▶ Entries provided

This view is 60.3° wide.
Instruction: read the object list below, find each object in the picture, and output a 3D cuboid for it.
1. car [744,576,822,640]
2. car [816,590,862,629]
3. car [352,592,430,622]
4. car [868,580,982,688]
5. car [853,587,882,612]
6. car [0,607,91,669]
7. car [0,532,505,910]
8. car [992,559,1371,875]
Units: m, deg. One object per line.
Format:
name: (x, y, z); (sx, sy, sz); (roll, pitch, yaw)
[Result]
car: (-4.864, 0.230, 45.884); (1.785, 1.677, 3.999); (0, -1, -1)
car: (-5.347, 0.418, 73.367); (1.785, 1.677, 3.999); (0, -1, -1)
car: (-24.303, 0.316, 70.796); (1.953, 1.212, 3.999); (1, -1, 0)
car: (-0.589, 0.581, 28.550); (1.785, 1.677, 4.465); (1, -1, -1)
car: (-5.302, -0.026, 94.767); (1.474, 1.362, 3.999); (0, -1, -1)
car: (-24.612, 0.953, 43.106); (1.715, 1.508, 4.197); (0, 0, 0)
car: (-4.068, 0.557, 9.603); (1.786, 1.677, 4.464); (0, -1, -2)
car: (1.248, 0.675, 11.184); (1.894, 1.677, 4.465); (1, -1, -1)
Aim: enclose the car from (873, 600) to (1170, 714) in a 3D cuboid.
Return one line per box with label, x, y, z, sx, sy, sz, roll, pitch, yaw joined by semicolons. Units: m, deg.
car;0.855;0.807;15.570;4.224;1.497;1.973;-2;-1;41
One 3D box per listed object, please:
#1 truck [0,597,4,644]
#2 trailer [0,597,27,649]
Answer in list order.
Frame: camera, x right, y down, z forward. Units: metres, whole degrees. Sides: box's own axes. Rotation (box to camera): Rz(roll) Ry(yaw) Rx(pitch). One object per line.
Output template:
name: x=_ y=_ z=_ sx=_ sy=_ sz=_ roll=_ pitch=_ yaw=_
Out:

▶ What the exercise asks
Copy down each line in the entries that has the word "name".

▶ Exercise result
name: (x, y, z); (sx, sy, sz); (roll, pitch, yaw)
name: x=_ y=_ z=_ sx=_ sy=_ sz=_ roll=_ pitch=_ yaw=_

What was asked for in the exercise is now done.